Oddball email addresses probably don't last long anyway as their owners
quickly realize they can't use them to sign up for things and then switch to
something more conventional.

------
tsotha
>Some people, when confronted with a problem, think, “I know, I’ll use regular
expressions.” Now they have two problems.

It was a dumb thing to say when he said it, and it still is. Granted, REs
aren't appropriate for _everything_ , but for some problems they're the right
solution.

>So eschew your fancy regular expressions already. If you really want to do
checking of email addresses right on the signup page, include a confirmation
field so they have to type it twice.

No. Just no. I hate you and everyone else who thinks this is a good idea.
Don't make me type things twice - the point of computers is to take some of
the grunt work out of life, not to add more.

There's nothing wrong with checking an email address for validity, and there's
nothing wrong with using a RE provided it's correct.

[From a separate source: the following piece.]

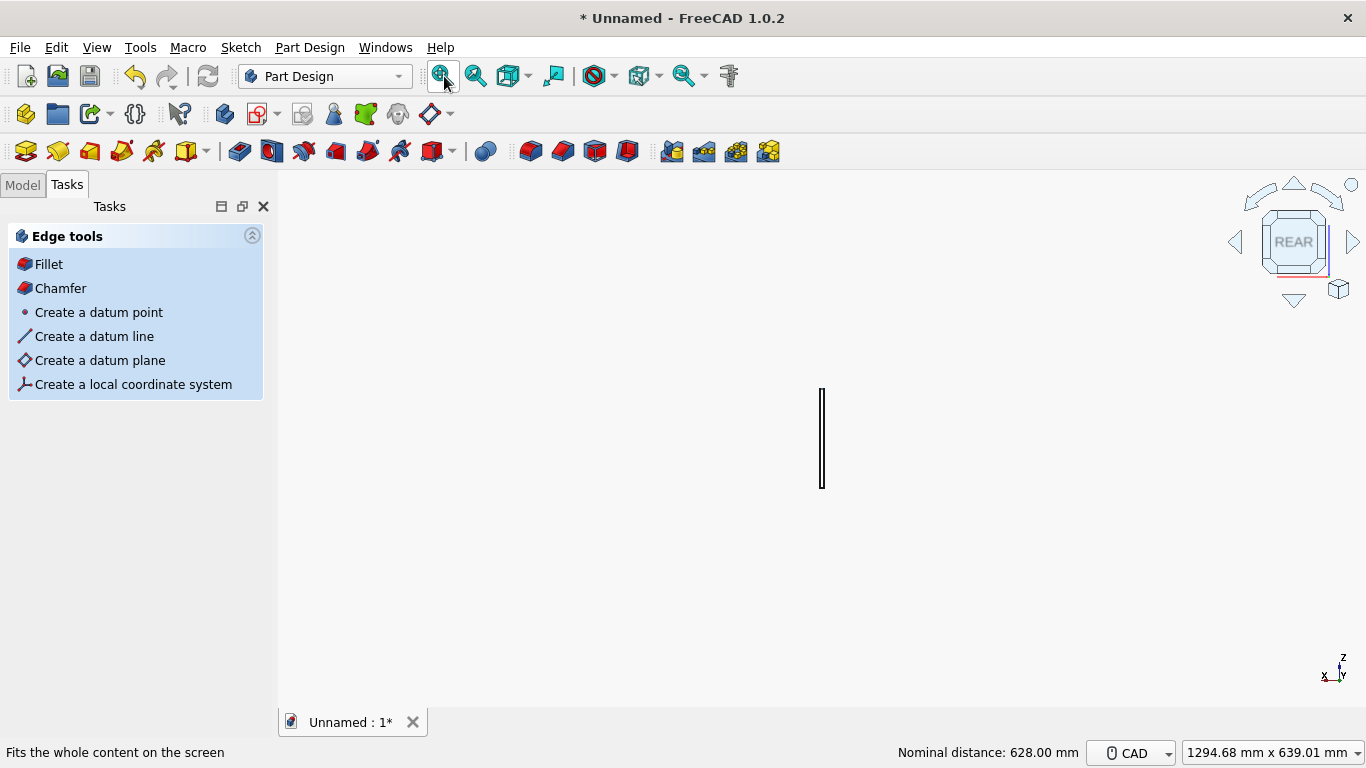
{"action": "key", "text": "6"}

You'll miss a whole bunch
of typos, but since you're going to send out a "click to activate" mail anyway
it doesn't matter, and the ones you catch will save the user a bit of time.

------
trips2
This is like trying to tell people to stop typing

    
    
       cat file|program1|program2
    

instead of

    
    
       program1 file|program2
    

It is futile. There are so many examples of programmers just doing mindlessly
stupid things, often because "everyone else is doing it" or they read some
"howto" they found somewhere, or they are using some library written by
someone else.

How many times do you think people use extended regular expressions and
backtracking when it's entirely unnecessary? They often have no idea that
there is even a simpler way that will work (in some cases it might be faster).
They think more complexity is actually making things "easier". Must have PCRE.
Why? "Because I can't get basic regex to do what I want."

Let 'em enjoy their complex regex. Until there's a problem and they have to
try to decipher what they heck it's actually doing.

PEG is fine. Lua has a good PEG library.

Still, a good handle on basic regex will take you a long way.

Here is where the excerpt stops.